El hombre detrás del guión de «El orfanato» era Sergio G. Sánchez, que se ganó la confianza de Bayona para escribir también «Lo Imposible». Ahora, la confianza se ha tornado: Sergio G. Sánchez firma como director y guionista, y J. A. Bayona como productor en «El secreto de Marrowbone», un filme que mantiene la idea de sorprender al espectador a base de giros de guión y algún que otro susto. «La película no tiene una estructura convencional. Tiene un prólogo, un epílogo y entre medias cinco actos que la hacen ir mutando. Es una muñeca rusa: empieza como un cuento, le quitas otra capa y es un drama familiar; otra, y es una historia de fantasmas; otra, y es un thriller... Así hasta llegar hasta al corazón de la historia», explica a ABC el cineasta ovetense.

Miedo a lo invisible

Crear escenas de terror en pantalla no es difícil: planos cortos, música y la amenaza de lo desconocido. Lo meritorio es generar y sostener la tensión ante lo inminente que no llega. Que el miedo sea un estado mental. Sergio G. Sánchez lo hace mientras rehúye los elementos sobrenaturales. No hay fatasmas, ni poseídos, ni payasos con globos. No conocer al enemigo es el peor enemigo. «Lograrlo es muy dificil. Lo viví en “El orfanato” y otra vez aquí. Es complicado porque la primera vez que ves la película tienes que soportarla con interés y temor, como si pudiese pasar cualquier cosa; pero no puede pasar porque tiene que sostenerse en un segundo visionado. Después, más allá de los giros, entiendes el retrato de la familia de otra manera», confiesa el cineasta, que no duda en reconocer que sí se ha permitido el «lujo» de dar algún que otro susto para que «el público salte del asiento».

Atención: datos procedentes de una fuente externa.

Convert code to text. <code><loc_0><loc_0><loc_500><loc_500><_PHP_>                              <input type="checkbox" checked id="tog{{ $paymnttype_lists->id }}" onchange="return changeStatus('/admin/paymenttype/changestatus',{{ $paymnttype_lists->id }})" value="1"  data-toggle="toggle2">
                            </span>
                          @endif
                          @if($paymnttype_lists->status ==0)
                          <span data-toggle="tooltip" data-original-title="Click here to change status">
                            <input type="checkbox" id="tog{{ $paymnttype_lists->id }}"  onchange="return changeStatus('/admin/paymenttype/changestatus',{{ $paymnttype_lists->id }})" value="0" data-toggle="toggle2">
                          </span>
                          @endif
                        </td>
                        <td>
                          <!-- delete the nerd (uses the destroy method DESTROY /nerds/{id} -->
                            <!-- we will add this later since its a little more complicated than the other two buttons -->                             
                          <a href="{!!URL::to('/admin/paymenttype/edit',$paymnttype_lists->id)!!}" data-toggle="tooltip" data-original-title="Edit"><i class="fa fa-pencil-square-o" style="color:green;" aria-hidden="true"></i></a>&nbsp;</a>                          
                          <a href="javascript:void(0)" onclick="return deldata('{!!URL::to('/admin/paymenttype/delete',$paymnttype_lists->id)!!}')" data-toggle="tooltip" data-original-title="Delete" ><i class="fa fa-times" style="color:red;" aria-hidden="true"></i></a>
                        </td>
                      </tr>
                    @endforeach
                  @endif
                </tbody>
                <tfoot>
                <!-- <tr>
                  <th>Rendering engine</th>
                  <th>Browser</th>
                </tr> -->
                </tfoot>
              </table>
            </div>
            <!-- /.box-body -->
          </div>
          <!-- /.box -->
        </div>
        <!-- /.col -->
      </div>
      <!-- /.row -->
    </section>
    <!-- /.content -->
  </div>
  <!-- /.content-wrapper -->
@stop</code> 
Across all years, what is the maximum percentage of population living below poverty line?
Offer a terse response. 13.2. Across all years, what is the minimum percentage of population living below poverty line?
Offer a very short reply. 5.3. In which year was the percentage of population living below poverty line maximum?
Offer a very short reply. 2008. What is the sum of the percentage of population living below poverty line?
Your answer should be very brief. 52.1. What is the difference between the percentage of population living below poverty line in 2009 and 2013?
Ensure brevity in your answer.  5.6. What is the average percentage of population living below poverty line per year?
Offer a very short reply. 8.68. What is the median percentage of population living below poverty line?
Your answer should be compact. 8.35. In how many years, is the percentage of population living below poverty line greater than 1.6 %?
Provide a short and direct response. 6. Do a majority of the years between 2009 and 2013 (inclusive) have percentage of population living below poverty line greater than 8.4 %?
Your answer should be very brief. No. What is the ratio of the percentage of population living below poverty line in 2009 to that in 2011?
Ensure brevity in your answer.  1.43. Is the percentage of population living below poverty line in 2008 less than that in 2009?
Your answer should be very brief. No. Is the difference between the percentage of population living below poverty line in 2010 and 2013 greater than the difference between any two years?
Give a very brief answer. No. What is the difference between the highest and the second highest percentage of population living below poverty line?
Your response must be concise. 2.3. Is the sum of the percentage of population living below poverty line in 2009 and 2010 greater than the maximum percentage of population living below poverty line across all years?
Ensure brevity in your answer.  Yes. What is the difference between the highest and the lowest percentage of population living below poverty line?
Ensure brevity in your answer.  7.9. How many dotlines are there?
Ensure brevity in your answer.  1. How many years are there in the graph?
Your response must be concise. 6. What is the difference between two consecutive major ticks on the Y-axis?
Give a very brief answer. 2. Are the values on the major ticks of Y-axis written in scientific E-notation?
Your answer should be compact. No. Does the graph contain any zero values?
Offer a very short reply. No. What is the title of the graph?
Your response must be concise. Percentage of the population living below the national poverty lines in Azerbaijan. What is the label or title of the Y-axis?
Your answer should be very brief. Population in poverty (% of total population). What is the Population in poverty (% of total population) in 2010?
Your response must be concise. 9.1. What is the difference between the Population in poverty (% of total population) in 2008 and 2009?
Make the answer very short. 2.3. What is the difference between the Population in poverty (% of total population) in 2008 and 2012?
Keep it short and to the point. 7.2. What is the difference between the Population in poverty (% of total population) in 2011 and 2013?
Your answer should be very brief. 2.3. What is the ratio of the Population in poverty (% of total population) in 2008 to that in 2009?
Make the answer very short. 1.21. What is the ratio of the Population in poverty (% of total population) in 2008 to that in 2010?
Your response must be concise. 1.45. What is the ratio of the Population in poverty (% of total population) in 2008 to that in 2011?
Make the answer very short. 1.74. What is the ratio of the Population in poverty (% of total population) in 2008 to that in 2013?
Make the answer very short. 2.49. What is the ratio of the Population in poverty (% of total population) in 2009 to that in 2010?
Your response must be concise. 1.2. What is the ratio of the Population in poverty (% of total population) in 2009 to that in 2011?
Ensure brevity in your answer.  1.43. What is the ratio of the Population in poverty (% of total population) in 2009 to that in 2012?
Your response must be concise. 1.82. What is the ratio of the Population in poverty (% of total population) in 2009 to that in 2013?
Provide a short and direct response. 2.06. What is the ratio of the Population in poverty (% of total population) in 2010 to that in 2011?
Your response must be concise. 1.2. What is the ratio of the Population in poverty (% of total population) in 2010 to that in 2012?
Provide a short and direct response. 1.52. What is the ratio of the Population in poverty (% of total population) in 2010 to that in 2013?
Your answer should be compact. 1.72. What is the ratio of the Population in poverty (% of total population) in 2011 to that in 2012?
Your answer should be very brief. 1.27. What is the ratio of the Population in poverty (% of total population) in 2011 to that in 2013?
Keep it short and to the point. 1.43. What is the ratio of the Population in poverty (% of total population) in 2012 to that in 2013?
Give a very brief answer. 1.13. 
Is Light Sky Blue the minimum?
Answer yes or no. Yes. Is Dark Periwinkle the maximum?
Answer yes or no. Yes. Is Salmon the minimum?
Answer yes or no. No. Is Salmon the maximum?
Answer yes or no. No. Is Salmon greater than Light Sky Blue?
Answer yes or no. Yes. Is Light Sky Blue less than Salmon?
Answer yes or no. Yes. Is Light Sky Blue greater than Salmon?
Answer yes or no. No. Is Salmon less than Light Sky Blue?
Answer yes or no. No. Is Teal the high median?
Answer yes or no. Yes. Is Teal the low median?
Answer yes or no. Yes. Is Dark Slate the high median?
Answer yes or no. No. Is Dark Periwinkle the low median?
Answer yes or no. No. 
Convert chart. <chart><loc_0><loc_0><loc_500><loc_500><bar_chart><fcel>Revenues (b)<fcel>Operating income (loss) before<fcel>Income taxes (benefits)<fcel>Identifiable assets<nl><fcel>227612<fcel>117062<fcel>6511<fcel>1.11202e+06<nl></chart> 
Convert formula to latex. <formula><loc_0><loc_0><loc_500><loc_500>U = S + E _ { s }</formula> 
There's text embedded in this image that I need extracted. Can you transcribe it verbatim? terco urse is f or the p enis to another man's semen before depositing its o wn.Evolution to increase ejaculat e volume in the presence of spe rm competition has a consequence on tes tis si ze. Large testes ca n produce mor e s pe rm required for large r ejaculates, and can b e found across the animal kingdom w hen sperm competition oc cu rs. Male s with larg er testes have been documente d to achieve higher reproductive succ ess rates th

Detrás de la cámara, y pese a lo que podría suponer para un debutante, Sergio G. Sánchez asegura no haber sentido el vértigo al dirigir por primera vez: «No fue ni tan emocionante. Cuando llevas tanto tiempo esperando algo, llega y solo piensas en el segundo día». Ni siquiera ha tenido que recurrir a su «ángel» para evitar sustos: «Bayona ha sido muy prudente. Ha estado en una distancia donde solo intervenía cuando se le pedía. Tampoco tenía mucho consejo que pedirle porque le conocía tan bien que ya sé cómo hace las cosas», confiesa.